I figured it out @sayan. Something is weird for the hdf5 installation and the dylib files installed to /usr/local/lib are messed up. I had to install hdf5 from source by going to their website (https://www.hdfgroup.org/ftp/HDF5/current/src/unpacked/release_docs/INSTALL)
Per hdf5 installation instructions, I ran (from the unzipped hdf5 folder)

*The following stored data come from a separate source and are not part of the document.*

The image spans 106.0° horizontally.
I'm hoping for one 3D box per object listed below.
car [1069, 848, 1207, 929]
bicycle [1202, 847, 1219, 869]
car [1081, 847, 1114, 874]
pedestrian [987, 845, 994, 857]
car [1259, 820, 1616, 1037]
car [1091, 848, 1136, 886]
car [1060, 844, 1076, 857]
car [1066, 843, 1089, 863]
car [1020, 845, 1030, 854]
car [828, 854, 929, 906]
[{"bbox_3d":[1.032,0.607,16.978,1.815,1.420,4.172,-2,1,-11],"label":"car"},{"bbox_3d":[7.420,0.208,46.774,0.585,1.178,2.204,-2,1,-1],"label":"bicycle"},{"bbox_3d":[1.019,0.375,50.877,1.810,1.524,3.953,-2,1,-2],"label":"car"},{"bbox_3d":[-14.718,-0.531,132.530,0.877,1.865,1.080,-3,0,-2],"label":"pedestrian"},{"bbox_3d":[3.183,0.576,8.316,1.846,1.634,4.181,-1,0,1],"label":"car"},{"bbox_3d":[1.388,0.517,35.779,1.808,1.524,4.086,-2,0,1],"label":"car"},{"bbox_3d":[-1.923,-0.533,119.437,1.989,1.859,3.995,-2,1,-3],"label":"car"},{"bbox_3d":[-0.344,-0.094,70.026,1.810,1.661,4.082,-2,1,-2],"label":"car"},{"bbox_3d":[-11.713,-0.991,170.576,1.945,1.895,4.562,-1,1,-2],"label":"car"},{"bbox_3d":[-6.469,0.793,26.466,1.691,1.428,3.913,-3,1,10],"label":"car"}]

configure (since I installed openmpi with brew, already):
CC=/usr/local/Cellar/open-mpi/1.10.2_1/bin/mpicc
./configure --prefix=/usr/local/hdf5 --enable-parallel
make
make check
make check-install
cp /usr/local/hdf5 /usr/local/Cellar/hdf5/1.8.17
brew switch hdf5 1.8.17
export DYLD_FALLBACK_LIBRARY_PATH=/usr/local/lib:/usr/lib:/usr/local/hdf5/lib
sudo cp /usr/local/hdf5/lib/* /usr/local/lib/
Then everything magically worked.
Thanks Charles for the fix!
All the steps have worked fine until running the training program. At that step I get this error:
Mariums-MacBook-Pro:torch-rnn mariumsultan$ th train.lua =input_h5 data/Dracula.h5 -input_json data/Dracula.json-gpu-1
/Users/mariumsultan/torch/install/bin/luajit: …/mariumsultan/torch/install/share/lua/5.1/trepl/init.lua:384: …/mariumsultan/torch/install/share/lua/5.1/trepl/init.lua:384: …rs/mariumsultan/torch/install/share/lua/5.1/hdf5/ffi.lua:42: Error: unable to locate HDF5 header file at hdf5.h
stack traceback:
[C]: in function ‘error’
…/mariumsultan/torch/install/share/lua/5.1/trepl/init.lua:384: in function ‘require’

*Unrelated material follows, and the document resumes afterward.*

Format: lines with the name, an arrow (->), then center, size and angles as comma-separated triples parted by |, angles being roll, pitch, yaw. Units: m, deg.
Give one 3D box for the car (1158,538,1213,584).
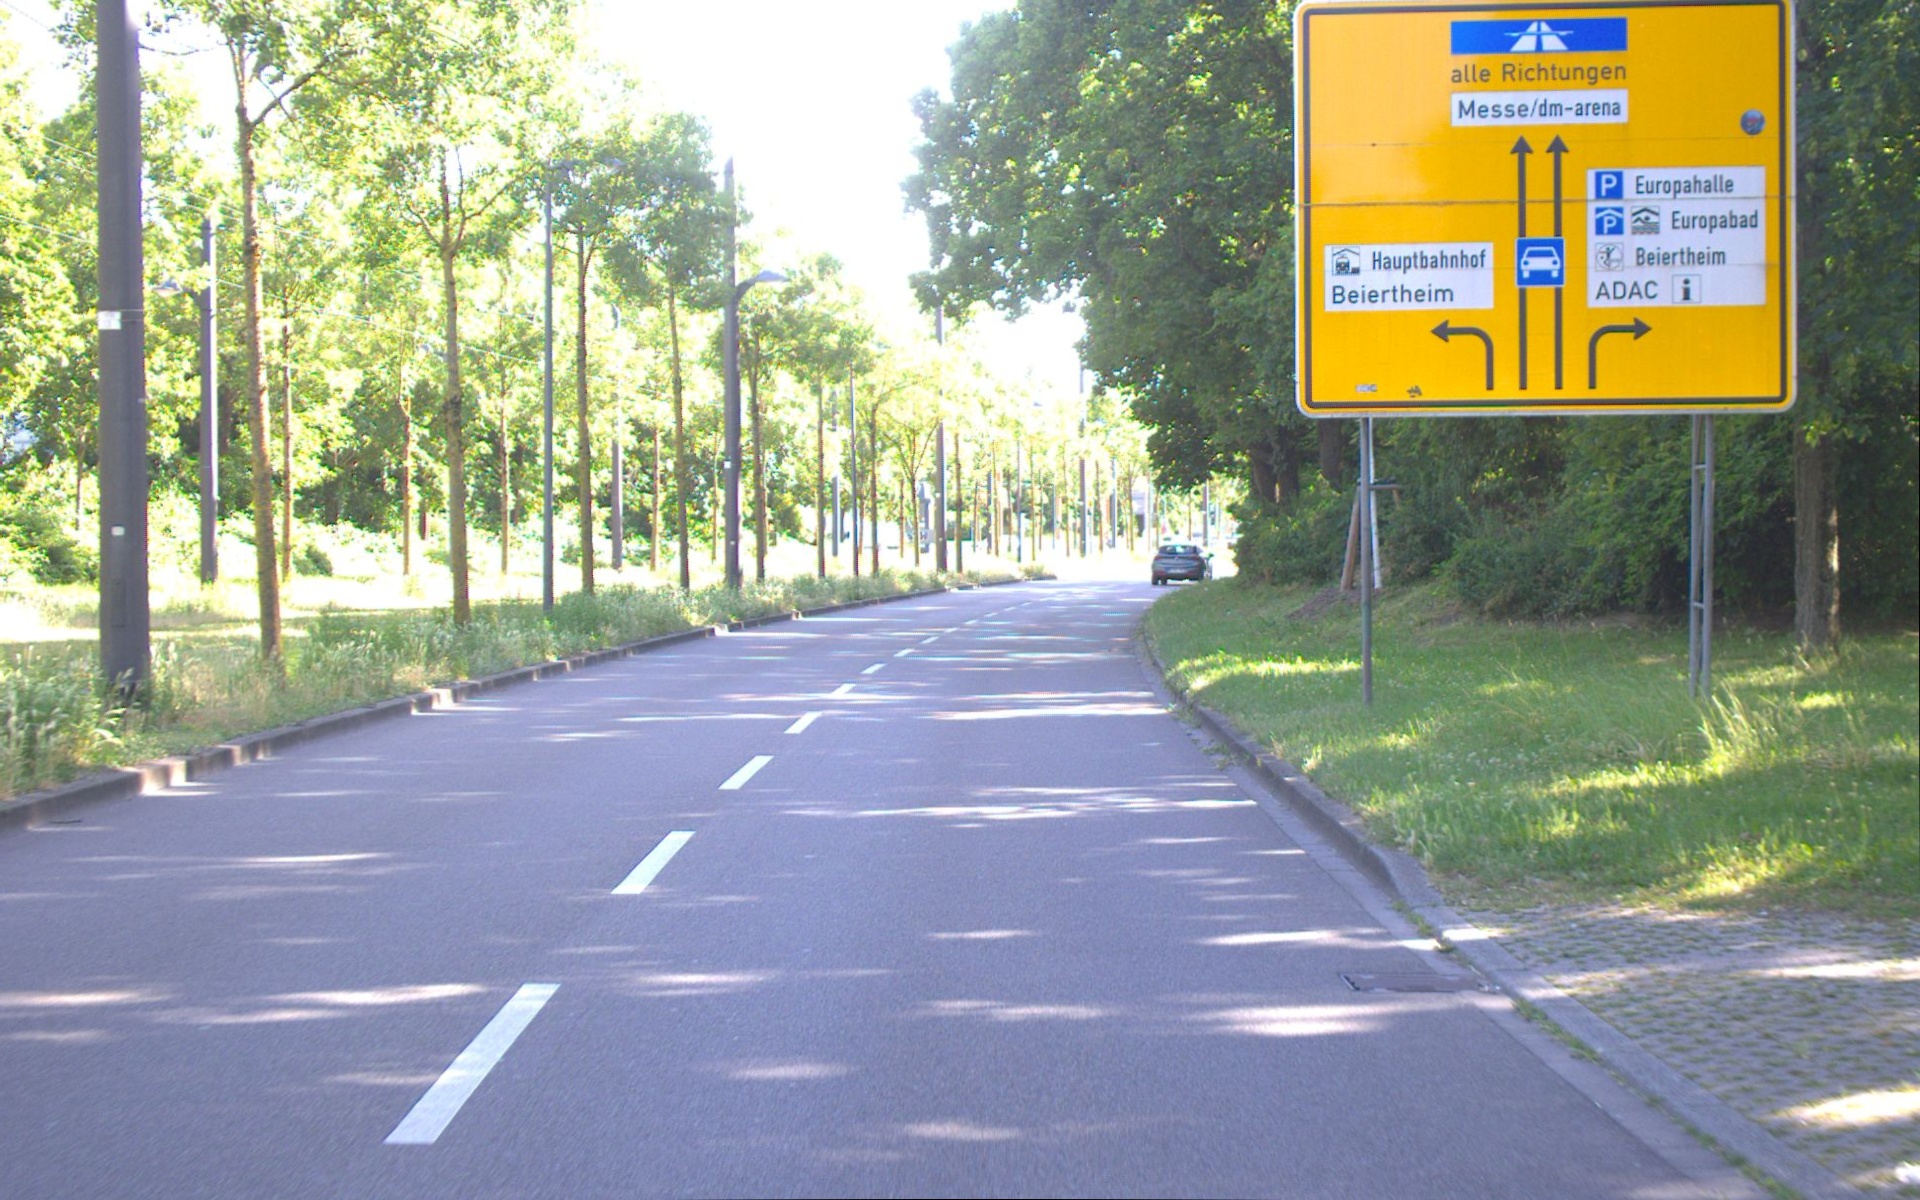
car -> 7.590, -1.334, 115.459 | 1.634, 1.493, 4.234 | 1, 1, 6

train.lua:6: in main chunk
[C]: in function ‘dofile’
…ltan/torch/install/lib/luarocks/rocks/trepl/scm-1/bin/th:145: in main chunk
[C]: at 0x01031bfcf0
Mariums-MacBook-Pro:torch-rnn mariumsultan$
Any suggestions?
@Marium: this has already been answered in the comments.
I have open-mpi installed but this step does not work “CC=/usr/local/Cellar/open-mpi/1.10.2_1/bin/mpicc ./configure –prefix=/usr/local/hdf5 –enable-parallel”
or this one “sudo cp /usr/local/hdf5/lib/* /usr/local/lib/”
Thanks for this! However I’m getting the hdf5 error running on Mac OSX.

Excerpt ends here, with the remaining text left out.